Fiscalini, presidente

 

vicecancelliera:

Bellotti

 

 

sedente per statuire nella causa - inc. n. SO.2022.372 della Pretura della giurisdizione di Locarno-Campagna - promossa con segnalazione 19 aprile 2022 dall’

 

 

 

AO 1 

 

 

contro

 

 

AP 1 

patrocinata dall’  PA 1 

 

 

 

 

 

chiedente l’adozione delle misure necessarie nei confronti della convenuta, priva di una valida rappresentanza in Svizzera e di un valido domicilio legale;

 

nell’ambito della quale il Pretore aggiunto, con decisione 13 maggio 2022, ha pronunciato lo scioglimento della convenuta, ordinandone la messa in liquidazione secondo le prescrizioni applicabili al fallimento, con seguito di spese (fr. 100.-) a carico della medesima;

 

appellante la convenuta con appello (o subordinatamente reclamo) 27 maggio 2022, con cui ha chiesto di annullare il querelato giudizio, revocare il suo scioglimento, porre tutte le spese di primo e secondo grado a carico dello Stato e Repubblica del Cantone Ticino e assegnarle congrue ripetibili di seconda sede;

 

visto lo scritto 1° giugno 2022 dell’Ufficio del registro di commercio;

 

letti ed esaminati gli atti e i documenti prodotti;

ritenuto e considerato

 

in fatto e in diritto:

 

1.         Costatata una lacuna organizzativa della società AP 1 (doc. A), priva di una persona domiciliata in Svizzera che potesse rappresentarla ai sensi dell’art. 718 cpv. 4 CO e di un valido domicilio legale nel luogo della sua sede (art. 2 lett. b e 117 ORC), l'Ufficio del registro di commercio (qui di seguito: “URC”) l’ha invano diffidata, tramite pubblicazione sul Foglio ufficiale svizzero di commercio (“FUSC”) del 4 marzo 2022 (doc.
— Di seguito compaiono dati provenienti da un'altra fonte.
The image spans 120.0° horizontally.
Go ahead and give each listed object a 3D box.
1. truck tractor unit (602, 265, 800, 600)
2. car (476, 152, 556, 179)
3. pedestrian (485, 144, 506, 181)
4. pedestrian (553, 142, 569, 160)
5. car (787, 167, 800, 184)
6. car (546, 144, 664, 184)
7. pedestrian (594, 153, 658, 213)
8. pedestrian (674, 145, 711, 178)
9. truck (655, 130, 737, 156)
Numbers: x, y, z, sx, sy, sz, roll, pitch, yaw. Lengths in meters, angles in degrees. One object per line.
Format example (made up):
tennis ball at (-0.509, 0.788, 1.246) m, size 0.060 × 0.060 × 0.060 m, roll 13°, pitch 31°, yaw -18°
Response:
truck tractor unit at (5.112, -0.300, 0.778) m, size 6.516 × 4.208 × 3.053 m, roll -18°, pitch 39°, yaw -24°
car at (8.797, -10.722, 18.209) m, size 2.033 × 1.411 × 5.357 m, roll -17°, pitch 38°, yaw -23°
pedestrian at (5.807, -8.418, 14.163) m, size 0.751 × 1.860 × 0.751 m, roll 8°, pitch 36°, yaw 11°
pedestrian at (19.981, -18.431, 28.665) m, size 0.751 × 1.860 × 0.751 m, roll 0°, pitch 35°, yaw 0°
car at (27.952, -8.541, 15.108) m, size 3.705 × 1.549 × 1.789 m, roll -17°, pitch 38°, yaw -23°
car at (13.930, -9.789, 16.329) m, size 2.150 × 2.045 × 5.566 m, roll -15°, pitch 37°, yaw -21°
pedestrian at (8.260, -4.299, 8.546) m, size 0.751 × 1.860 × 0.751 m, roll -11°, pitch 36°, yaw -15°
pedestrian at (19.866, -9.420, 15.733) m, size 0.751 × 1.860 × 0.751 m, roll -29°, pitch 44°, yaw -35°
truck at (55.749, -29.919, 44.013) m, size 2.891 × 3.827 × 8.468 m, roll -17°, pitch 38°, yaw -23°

B) a ripristinare la situazione legale e a notificare le pertinenti iscrizioni entro il termine di 30 giorni, menzionando le prescrizioni determinanti e le conseguenze giuridiche nel caso della loro violazione (art. 939 CO, art. 152 e 152a cpv. 3 lett. a ORC).

 

2.         In assenza di riscontri, con notificazione 19 aprile 2022 l’URC ha deferito il caso al giudice, come previsto dall’art. 939 cpv. 2 CO.

 

3.         Il 21 aprile 2022 il Pretore aggiunto, in applicazione dell’art. 731b cpv. 1bis n. 1 CO, ha assegnato alla convenuta (mediante pubblicazione sul Foglio ufficiale cantonale del 22 aprile 2022) un ultimo termine di 15 giorni per ripristinare la situazione legale e darne tempestiva comunicazione alla Pretura stessa, pena lo scioglimento della società e la sua liquidazione secondo le prescrizioni applicabili al fallimento.

4.         Costatata la scadenza infruttuosa del termine, con decisione finale 13 maggio 2022 (pubblicata sul Foglio ufficiale cantonale il 16 maggio 2022) il Pretore aggiunto ha pronunciato lo scioglimento della società e ne ha ordinato la messa in liquidazione secondo le prescrizioni applicabili al fallimento ai sensi dell’art. 731b cpv. 1bis n. 3 CO (dispositivi n. 1 e 2), ponendo a suo carico le spese giudiziarie di complessivi fr. 100.- (dispositivo n. 3).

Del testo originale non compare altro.